7 . Keadilan prosedural sering kali dirasa mengabaikan kepentingan korban karena hanya
menghukum si pelaku. Namun demi kepentingan korban maka mengemuka keadilan
restoratif, untuk itu jelaskan pendapat Anda dikaitkan perubahan paradigma keadilan tadi
bagi kepentingan korban melalui keadilan restoratif!;
Menurut pendapat saya berdasarkan apa yang saya pahami terkait Keadilan restoratif adalah
membangun partisipasi bersama antara pelaku, korban, dan kelompok masyarakat
menyelesaikan suatu peristiwa atau tindak pidana. Menempatkan pelaku, korban, dan
masyarakat sebagai stakeholders yang bekerja bersama dan langsung berusaha menemukan
penyelesaian yang dipandang adil bagi semua pihak. paradigma keadilan tadi bagi
kepentingan korban melalui keadilan restoratif pergeseran itu sangat jelas terasa. Anak yang
melakukan tindak pidana, tidak mutatis mutandis di bawa dalam peradilan pidana tetapi
dimungkinkan untuk diselesaikan diluar sidang pengadilan, model ini disebut sebagai diversi.

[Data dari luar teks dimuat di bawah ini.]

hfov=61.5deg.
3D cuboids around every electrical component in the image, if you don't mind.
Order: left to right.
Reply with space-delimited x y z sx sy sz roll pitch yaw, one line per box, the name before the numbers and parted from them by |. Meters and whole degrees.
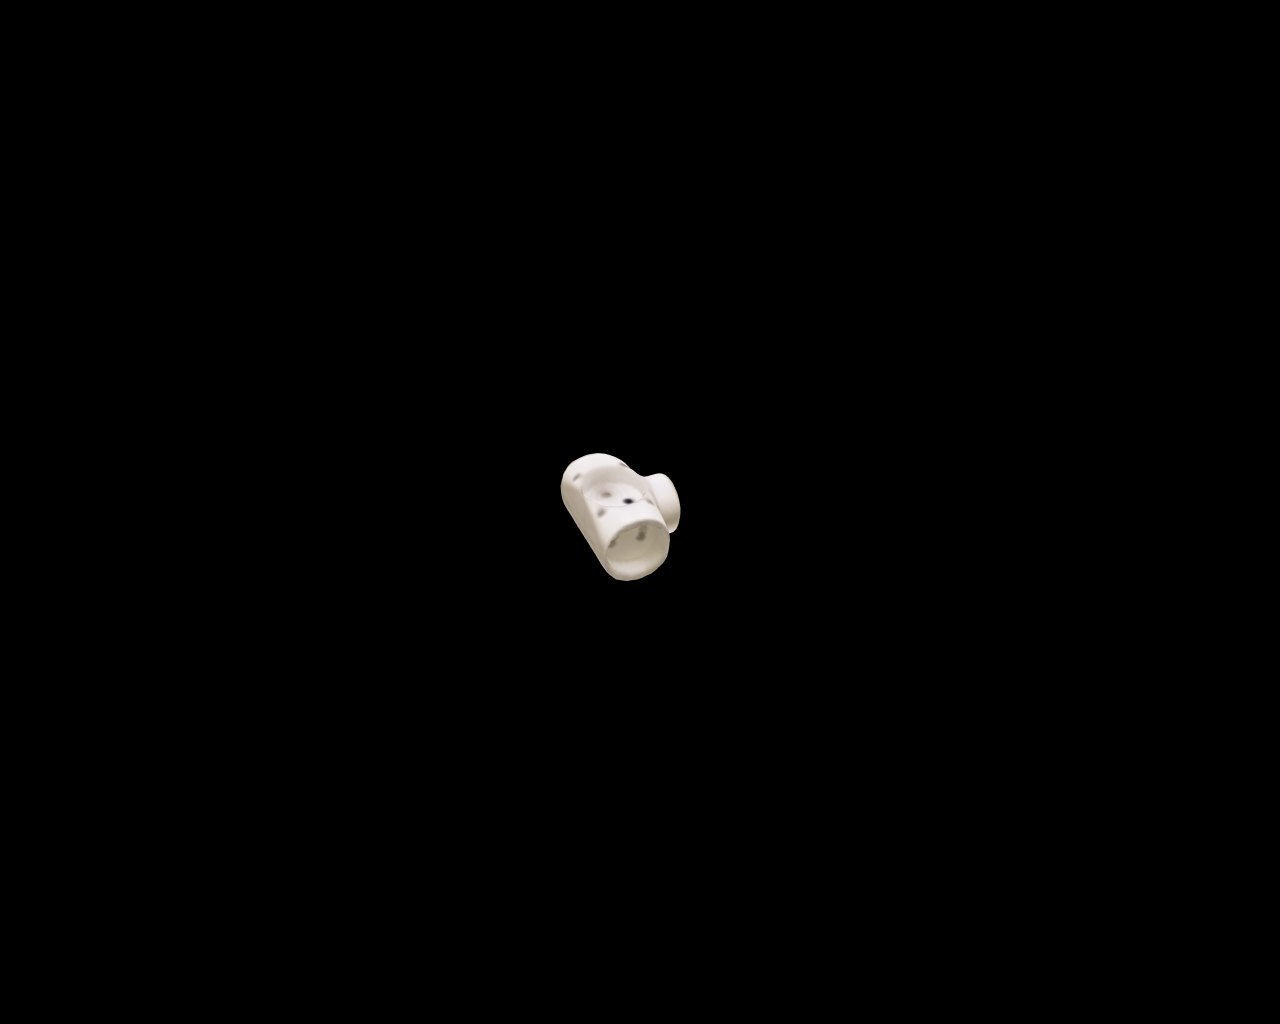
electrical component | 0.001 -0.003 0.650 0.079 0.044 0.077 -13 38 -18

Pendeknya paradigma peradilan pidana, khusus dalam peradilan anak telah bergeser ke arah
restoratif. Ketiga, dalam penyelesaian perkara anak diupayakan agar pelaku dan keluarganya
serta korban dan keluarganya dapat duduk bersama untuk membicarakan penyelesaian
maslalah termasuk pemulihan kepada korban.